Triple Integral - Change the order of integration

[sirhc1]

Homework Statement

$\int^{1}_{0}\int^{x^2}_{0}\int^{y}_{0} f(x,y,z) dz dy dx$

Find 5 equivalent iterated integrals.

Homework Equations

$0 ≤ z ≤ y$

$0 ≤ y ≤ x^2$

$0 ≤ x ≤ 1$

The Attempt at a Solution

1) $\int^{1}_{0}\int^{√y}_{0}\int^{x^2}_{0} f(x,y,z) dz dx dy$

I will try dz dy dx first.

Because y = x^2, so $0 ≤ z ≤ x^2$

Because y = x^2, so $0 ≤ x ≤ √y$

And by the same logic, $0 ≤ y ≤ 1$

When I integrate for f(x,y,z) = 1, the correct answer is 1/10. I do not get the same answer with my solution. Help! Is it possible to solve this without graphing it? Or is it necessary to get the correct answer?

 

[sirhc1]

Just noticed the SAME question was asked 3 days ago.

https://www.physicsforums.com/showthread.php?t=554227&highlight=change+the+order+of+integration

@HallsofIvy, I came up with the same solution as you for dxdydz. However, when I integrate for f(x,y,z) = 1, the answer is incorrect. I do not understand what is the flaw in my and your method?

 

[HallsofIvy]

Homework Statement

$\int^{1}_{0}\int^{x^2}_{0}\int^{y}_{0} f(x,y,z) dz dy dx$

Find 5 equivalent iterated integrals.

Homework Equations

$0 ≤ z ≤ y$

$0 ≤ y ≤ x^2$

$0 ≤ x ≤ 1$

The Attempt at a Solution

1) $\int^{1}_{0}\int^{√y}_{0}\int^{x^2}_{0} f(x,y,z) dz dx dy$

I will try dz dy dx first.

Because y = x^2, so $0 ≤ z ≤ x^2$

Because y = x^2, so $0 ≤ x ≤ √y$

Here is an error.
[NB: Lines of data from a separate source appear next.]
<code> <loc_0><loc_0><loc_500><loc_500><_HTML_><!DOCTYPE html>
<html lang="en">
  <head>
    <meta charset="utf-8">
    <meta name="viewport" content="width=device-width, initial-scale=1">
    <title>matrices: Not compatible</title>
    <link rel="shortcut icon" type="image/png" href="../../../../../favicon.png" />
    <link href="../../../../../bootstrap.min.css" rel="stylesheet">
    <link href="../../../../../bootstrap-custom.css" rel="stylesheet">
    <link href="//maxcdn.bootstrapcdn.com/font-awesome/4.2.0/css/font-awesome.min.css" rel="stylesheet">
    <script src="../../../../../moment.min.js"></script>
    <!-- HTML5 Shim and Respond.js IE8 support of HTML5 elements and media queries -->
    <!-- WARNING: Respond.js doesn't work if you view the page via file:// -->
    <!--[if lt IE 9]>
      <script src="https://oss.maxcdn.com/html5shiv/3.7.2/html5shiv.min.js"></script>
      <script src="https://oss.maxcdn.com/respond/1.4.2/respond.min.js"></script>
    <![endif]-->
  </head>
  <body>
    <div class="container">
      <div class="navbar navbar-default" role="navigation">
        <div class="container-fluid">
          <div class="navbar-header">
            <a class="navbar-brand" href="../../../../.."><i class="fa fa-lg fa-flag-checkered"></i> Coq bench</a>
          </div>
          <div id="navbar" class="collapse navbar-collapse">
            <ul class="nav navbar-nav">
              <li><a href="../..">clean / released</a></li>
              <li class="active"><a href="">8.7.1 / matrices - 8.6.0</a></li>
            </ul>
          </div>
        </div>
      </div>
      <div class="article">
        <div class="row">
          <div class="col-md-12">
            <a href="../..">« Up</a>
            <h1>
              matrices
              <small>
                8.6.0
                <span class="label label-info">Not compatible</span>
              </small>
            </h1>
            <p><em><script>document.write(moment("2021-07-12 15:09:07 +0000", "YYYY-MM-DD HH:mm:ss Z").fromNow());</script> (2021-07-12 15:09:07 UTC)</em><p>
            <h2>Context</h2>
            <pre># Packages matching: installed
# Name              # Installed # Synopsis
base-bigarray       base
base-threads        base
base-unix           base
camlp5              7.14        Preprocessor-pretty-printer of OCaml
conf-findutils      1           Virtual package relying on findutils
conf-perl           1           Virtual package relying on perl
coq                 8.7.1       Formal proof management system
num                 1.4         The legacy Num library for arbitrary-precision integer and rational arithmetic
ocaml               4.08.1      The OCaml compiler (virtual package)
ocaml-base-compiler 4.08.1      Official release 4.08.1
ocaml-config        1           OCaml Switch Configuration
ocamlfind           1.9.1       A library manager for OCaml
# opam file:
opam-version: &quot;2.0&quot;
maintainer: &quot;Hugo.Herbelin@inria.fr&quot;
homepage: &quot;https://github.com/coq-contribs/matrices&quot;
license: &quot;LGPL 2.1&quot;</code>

For each x, y goes from 0 to $x^2$. If you graph that region in an xy-plane, it is below and to the right of the graph of $y= x^2$. That means that, for each y, x goes from $\sqrt{y}$ up to 1. The y-integral is $\int_{x^2}^1 dy$

Looking at this, I realize now that I made that mistake in the previous post. I have edited it.

And by the same logic, $0 ≤ y ≤ 1$

When I integrate for f(x,y,z) = 1, the correct answer is 1/10. I do not get the same answer with my solution. Help! Is it possible to solve this without graphing it? Or is it necessary to get the correct answer?